2.6 Antibacterial small-molecule drugs prediction
The final SVM, RF, and MLP models were built using the benchmark dataset with the optimal parameters. All these three models were used to predict antibacterial activity for approved small-molecule drugs. We compared the prediction performance of a single model and a combination of different models. The candidate antibacterial drugs were defined as the drugs that showed antibacterial activity in all the SVM, RF, and MLP models. Drug information was acquired from the DrugBank database (https://www.drugbank.ca/) [33]. We first filtered the drugs with approved status but not withdrawn yet, then removed the drugs with molecular weight ≥ 1000. Finally, 2315 approved small-molecule drugs were screened to perform antibacterial activity prediction. The predicted active antibacterial drugs excluding FDA approved antibacterial drugs were defined as novel antibacterial drugs.

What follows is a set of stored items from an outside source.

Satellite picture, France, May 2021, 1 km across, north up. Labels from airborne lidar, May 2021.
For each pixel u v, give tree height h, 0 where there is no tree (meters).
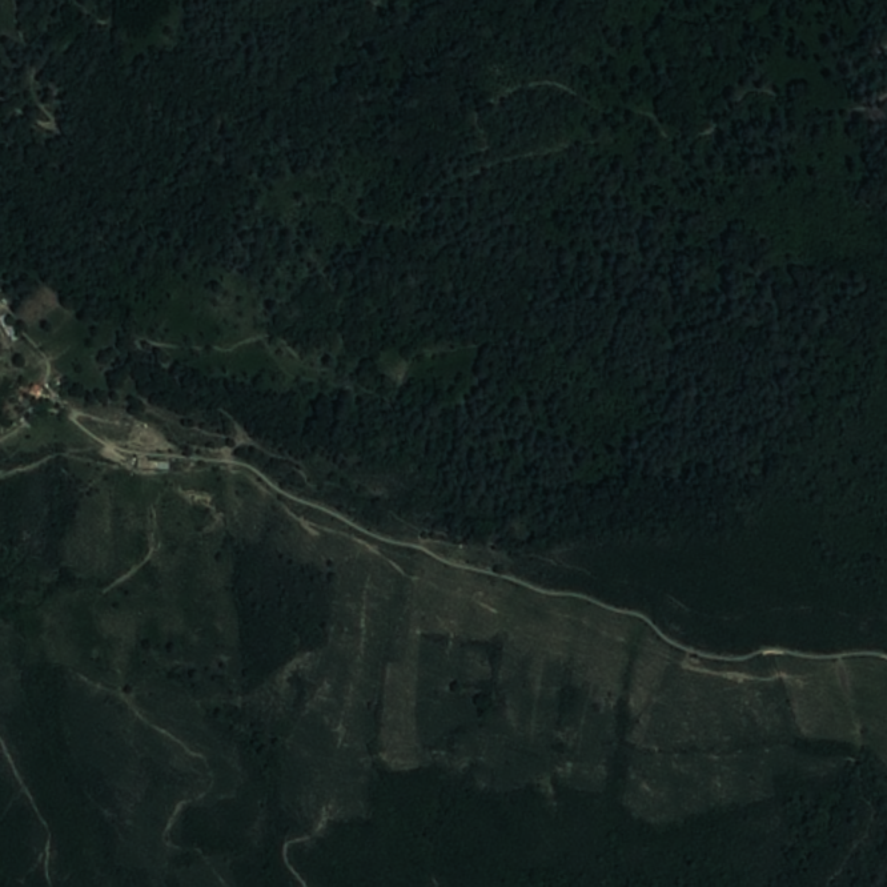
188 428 9
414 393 16
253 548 6
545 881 5
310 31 13
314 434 17
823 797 9
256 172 14
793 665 0
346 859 5
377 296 18
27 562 8
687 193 20
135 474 0
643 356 21
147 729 0
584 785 0
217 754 0
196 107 18
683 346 17
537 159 6
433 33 22
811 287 19
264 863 7
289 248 11
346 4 20
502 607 0
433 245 15
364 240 8
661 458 28
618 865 8
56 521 8
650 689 0
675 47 26
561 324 21
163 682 0
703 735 0
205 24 18
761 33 22
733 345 21
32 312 0
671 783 0
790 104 17
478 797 6
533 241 15
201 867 0
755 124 15
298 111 24
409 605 0
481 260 9
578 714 0
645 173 19
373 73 20
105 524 0
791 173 21
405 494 6
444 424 11
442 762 0
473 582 0
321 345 11
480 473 21
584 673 0
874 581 9
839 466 17
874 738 0
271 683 0
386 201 13
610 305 19
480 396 20
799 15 17
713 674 0
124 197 13
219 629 0
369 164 7
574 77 12
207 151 18
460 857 6
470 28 17
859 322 13
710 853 7
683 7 23
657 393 6
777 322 19
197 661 0
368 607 0
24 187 16
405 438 9
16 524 8
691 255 22
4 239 22
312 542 0
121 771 0
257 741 13
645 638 0
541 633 0
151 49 11
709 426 19
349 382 14
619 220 26
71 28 10
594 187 10
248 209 16
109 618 0
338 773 0
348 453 13
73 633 0
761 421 19
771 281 17
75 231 19
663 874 6
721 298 27
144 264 19
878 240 7
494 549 12
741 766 0
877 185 15
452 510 8
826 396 14
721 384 16
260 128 22
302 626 6
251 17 8
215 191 19
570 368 7
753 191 6
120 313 16
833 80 22
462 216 17
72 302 17
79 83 17
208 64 16
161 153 14
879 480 9
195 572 0
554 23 14
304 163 18
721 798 0
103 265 22
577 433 16
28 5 19
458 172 16
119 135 18
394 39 18
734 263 14
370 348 16
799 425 17
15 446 0
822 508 11
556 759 0
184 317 0
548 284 20
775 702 0
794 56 22
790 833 7
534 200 21
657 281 29
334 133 14
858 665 0
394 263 17
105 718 0
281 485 8
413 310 16
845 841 6
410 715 0
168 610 0
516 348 16
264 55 19
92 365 0
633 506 17
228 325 7
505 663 0
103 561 0
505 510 14
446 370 0
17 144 8
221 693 0
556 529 16
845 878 5
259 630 6
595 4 9
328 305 9
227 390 13
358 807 0
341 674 0
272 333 7
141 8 13
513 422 21
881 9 14
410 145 20
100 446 0
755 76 24
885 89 20
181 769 0
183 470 0
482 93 15
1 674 0
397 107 18
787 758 0
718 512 15
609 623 0
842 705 0
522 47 9
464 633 0
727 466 27
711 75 23
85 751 0
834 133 19
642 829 6
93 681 0
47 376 0
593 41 6
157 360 12
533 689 0
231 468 0
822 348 13
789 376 29
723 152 13
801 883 7
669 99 23
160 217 17
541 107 12
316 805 0
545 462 26
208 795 0
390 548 0
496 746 0
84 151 16
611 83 16
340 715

2.7 Structural similarity analysis
FP2 molecular fingerprint similarity was calculated among all novel antibacterial drugs and FDA approved antibacterial drugs. The overlap between fingerprints is quantified as a measure of molecular similarity using the Tanimoto coefficient (Tc). The predicted drugs with average and maximum molecular fingerprint similarity less than 0.1 and 0.2 were considered to be structurally novel. Furthermore, previous literature reported several core scaffolds shared by most antibacterial compounds [22]. The flexible maximum common substructure algorithms in the fmcsR package [34] in R was used to identify whether the core scaffolds exist in the predicted antibacterial drugs.